Pocos historiadores como Jules Michelet (1789-1874). En su larga vida, el francés logró encarnar eso que Edmund Wilson llama “el espíritu humano mismo”. Un reto consumado, al margen de sus grandes obras, “a través de los tiempos, sufriendo largas degradaciones, triunfando en renacimientos llenos de gozo, debatiéndose consigo mismo en conflictos desoladores y confusos”.
Al remitirnos a Michelet tendremos que sumar sus monumentales historias de Francia y de la Revolución, pero también su prolíficamente documentado, casi una crónica de los tiempos, La Bruja, estudio de las cábalas en la Edad Media, obra que la misma Encyclopaedia Britannica considera “la más importante sobre supersticiones medievales escrita hasta la fecha”.
En La Sorcière Michelet disecciona la figura y la incidencia de “la bruja” en tanto entidad humana que contiene rasgos esenciales de los comportamientos de los individuos y la sociedad en los tiempos. Ejercicio que deviene de su abrazo a la historia, a la manera de Balzac, donde se dibuja el perfil de la bruja (y con ella de la mujer) con los trazos del gran contador de historias. Una bruja que el historiador francés sigue (persigue) de los “tiempos de desesperación” a “los crímenes”.
“No me voy a entretener en las melifluas explicaciones con que pretenden atenuarlo: la criatura era débil, inclinada a las tentaciones. Fue inducida al mal por la concupiscencia —escribe Michelet—. Por tanto no son la miseria, ni el hambre de aquellos tiempos la causa que arrastraba al furor diabólico. Si la mujer enamorada, celosa y abandonada, o el niño maltratado por su madrastra, o la madre apaleada por su hijo (viejos temas de leyenda) han podido sentir la tentación de invocar al Espíritu del Mal, todo esto no es brujería. El hecho de que estas pobres criaturas invoquen a Satán, no presupone que él las acepte. Estas pobres criaturas están lejos y bien lejos de estar maduras para él. No odian a Dios”.
Con profusión de datos y el listado de diversos procesos, Michelet avanza en la historia de las hechiceras hasta arribar a los acontecimientos que propician una Iglesia controladora del orden de las cosas, y con ello a “la extinción de la Bruja”. “En el siglo XV declaró (la Iglesia) que si la mujer se atrevía a curar, sin haber estudiado, sería considerada bruja y debería de morir”.
Los tiempos cambian y Michelet lo consigna. Ya al final de La Bruja (“la vida de una misma mujer durante trescientos años”) resume los orígenes de ésta y su proyección en el nuevo orden. ¡La desgraciada Bruja!: esa que siempre “prestó su aliento popular para aprender la ciencia”. Mucho más atrevida y apasionada que el sabio herético y medio cristiano, quien conservaba un pie en el recinto de la Iglesia, la Bruja se alejó de ella e intentó construir su altar en el campo libre, con rudas piedras salvajes.

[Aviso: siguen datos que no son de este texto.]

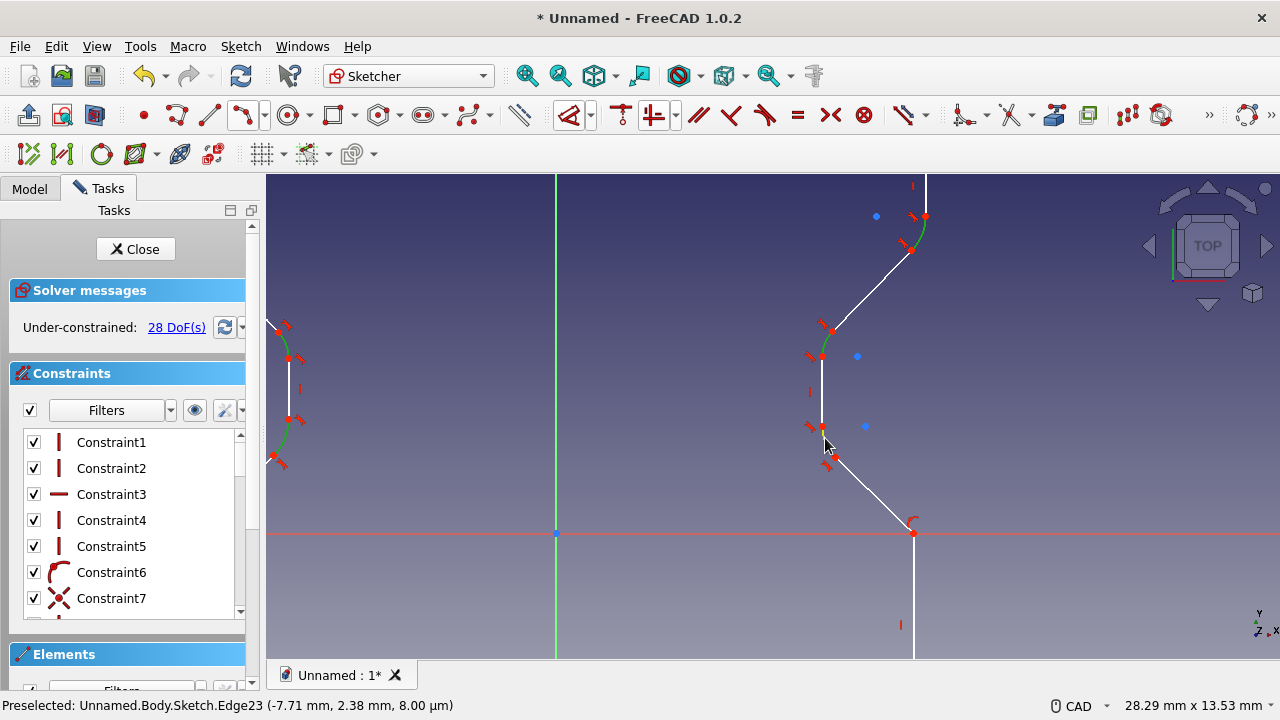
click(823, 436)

“¡Pobre Bruja! —exalta Michelet—. Pereció en el intento. Necesariamente tenía que perecer, a causa, precisamente, del médico, del naturalista, del progreso de las ciencias por las que había trabajado. Pereció para siempre, pero reapareció bajo la forma inmortal del Hada. La mujer, entregada en los últimos siglos a los quehaceres de antaño propios de los hombres, ha perdido su verdadero papel, hada bendita que lo cura todo. Es su verdadero sacerdocio, diga lo que diga la Iglesia”.

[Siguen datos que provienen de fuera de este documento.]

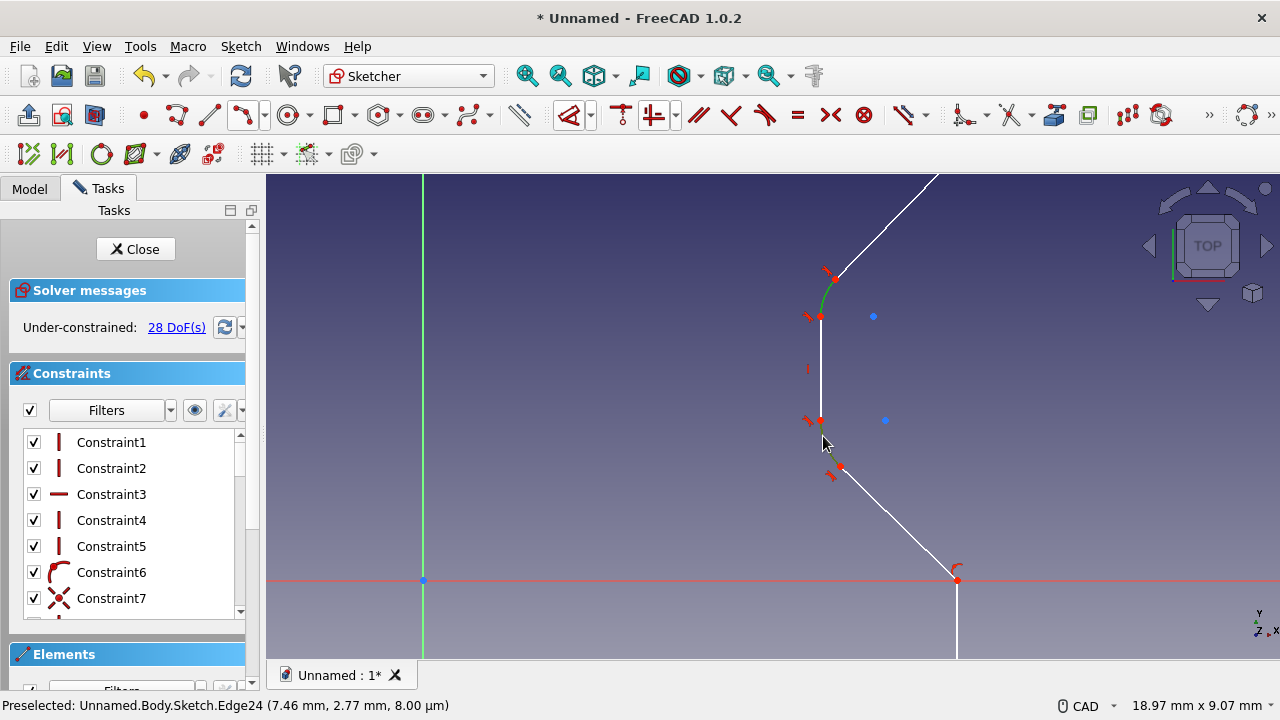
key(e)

“Delicada, atenta observadora de lo pequeño, tierna, vital, la mujer está llamada a ser el futuro penetrante confidente de la ciencia experimental —concluye el historiador francés—. Dotada de gran corazón, capaz de adivinar y de apiadarse, tiene natural inclinación por la medicina, porque, a fin de cuentas, poca diferencia hay entre un niño y un enfermo. Volverá a dedicarse a la ciencia aportándole su dulzura, su humanidad, su alegría natural. Lo antinatural agoniza, y está ya cercano el día de su eclipse total, que será la aurora del nuevo mundo”.